The Popular Assembly of the Peoples of Oaxaca (in Spanish: Asamblea Popular de los Pueblos de Oaxaca), or simply the APPO, is an organization that was assembled in response to the political situation in the Mexican state of Oaxaca, first meeting in June 2006.
A public demonstration and a teacher's strike in May of every year had occurred every year for 20 years in Oaxaca City. The strike would involve occupying a portion of the main square in the city, exhortations made via bullhorn, civil protest marches and an eventual settlement of some of the demands of the teachers. Before 2006, none of these protests resulted in large scale violence.
At 3:30 in the morning of June 14, 2006, the striking teachers of Section 22 of the Mexican National Educational Workers Union (SNTE) who had occupied the Zócalo (main square) of Oaxaca de Juárez (the capital city of the state of Oaxaca) were evicted by 3500 Oaxacan municipal police, some local firefighters and troops from the Policía Federal Preventiva (Federal Preventative Police) supported by helicopters in an attempt by the state government to dislodge the strikers. The teachers had been on strike for 23 days with demands for higher wages, salary rezonification in the state, and increased educational resources. At many points in the altercation tear gas and shots were fired by the police. After hours of conflict, the teachers were able to take the center of the city as their own and begin to construct a system of barricades that would make it impossible for the police to return via the roads. Reports vary as to the number of casualties the teachers sustained in the struggle. Amnesty International has since confirmed that there were over one hundred people hospitalized.

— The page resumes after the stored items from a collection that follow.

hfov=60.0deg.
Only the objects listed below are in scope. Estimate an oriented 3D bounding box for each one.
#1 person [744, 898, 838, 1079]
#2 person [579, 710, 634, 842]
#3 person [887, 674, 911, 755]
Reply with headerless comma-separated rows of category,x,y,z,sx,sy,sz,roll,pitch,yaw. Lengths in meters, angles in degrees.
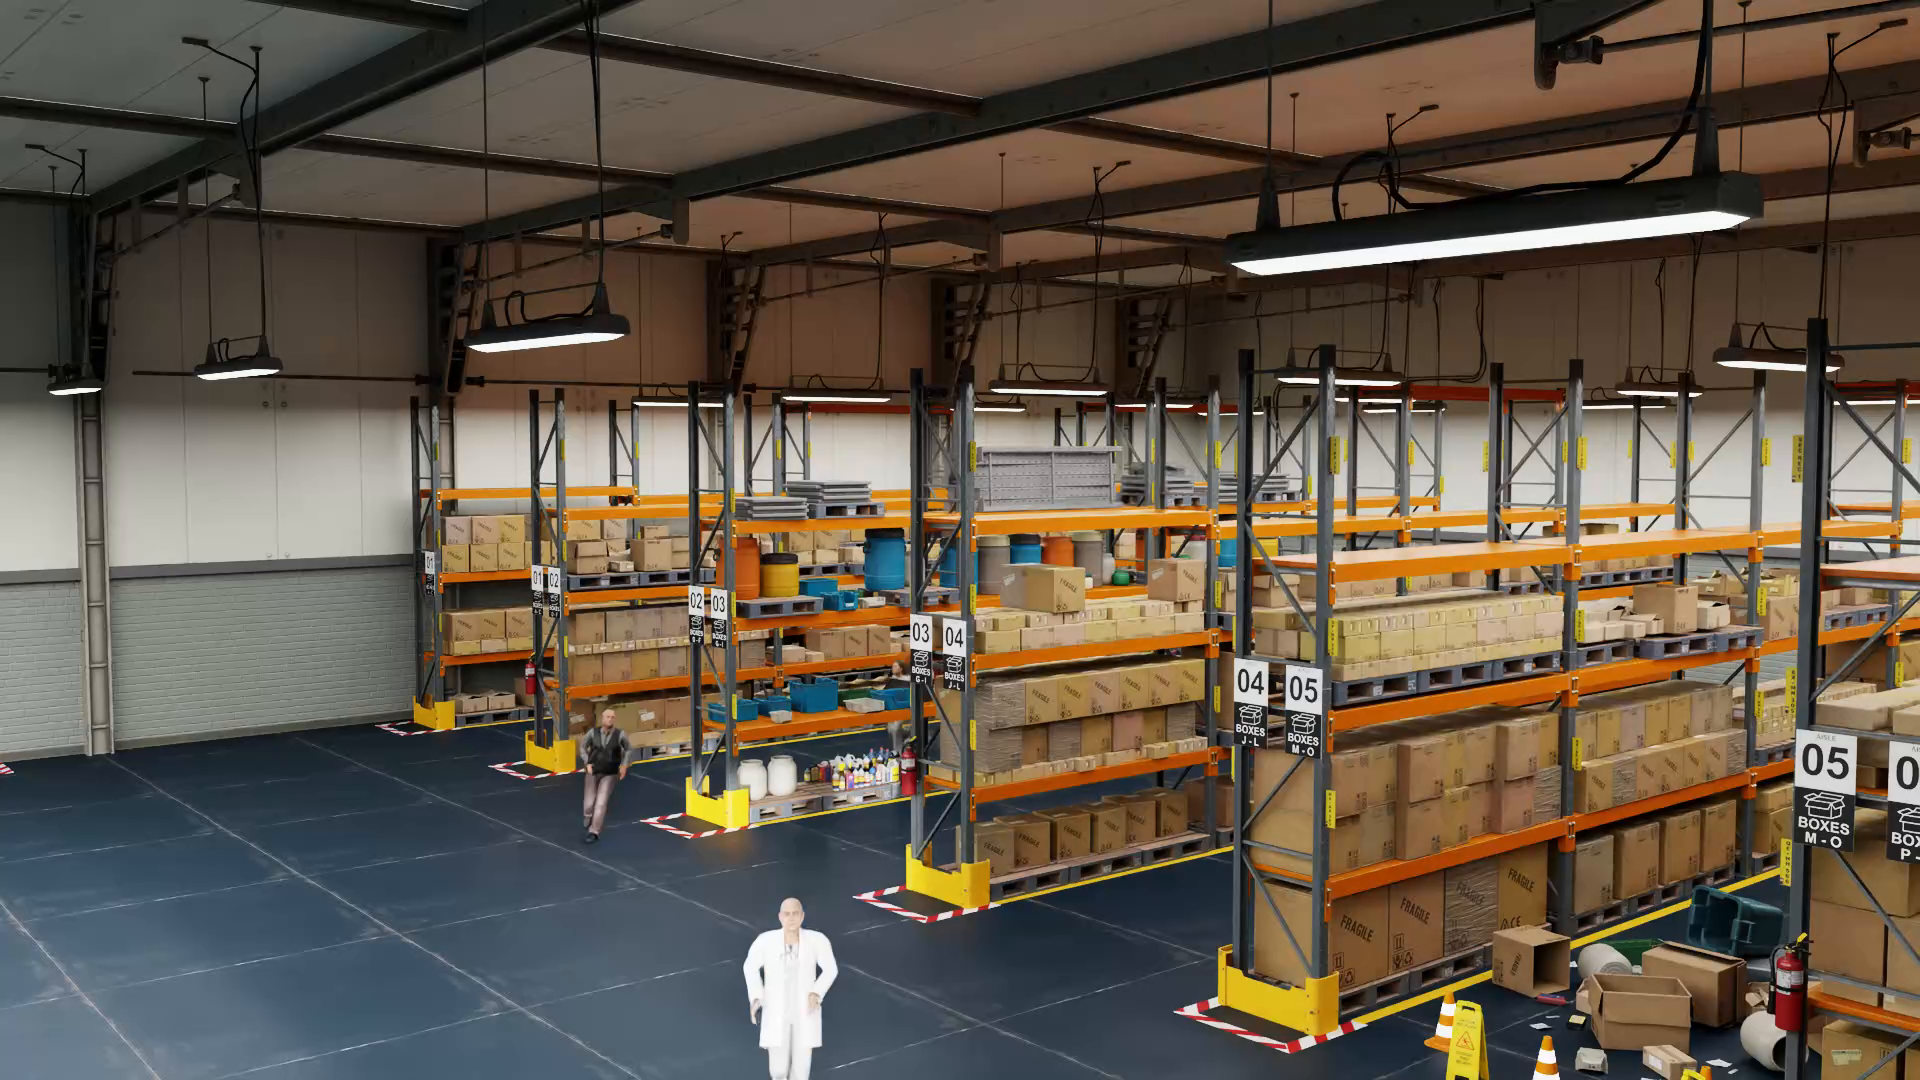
person,-1.274,3.562,12.546,0.710,1.733,0.638,0,3,-7
person,-4.624,3.049,21.737,0.700,1.684,0.714,0,3,-8
person,-0.951,2.846,27.233,0.527,1.317,0.555,3,4,40

This police action resulted in the 2006 Oaxaca protests, calling for the resignation of Oaxacan governor Ulises Ruiz Ortiz. In the following weeks, the teachers were reinforced by sympathisers, who helped them with the construction and protection of barricades made of wood, concrete bricks, corrugated metal sheets, and disabled cars and buses. For a number of months, these roughly constructed barricades had been effective in preventing the entry of police into the central part of the city that surrounds the Zócalo.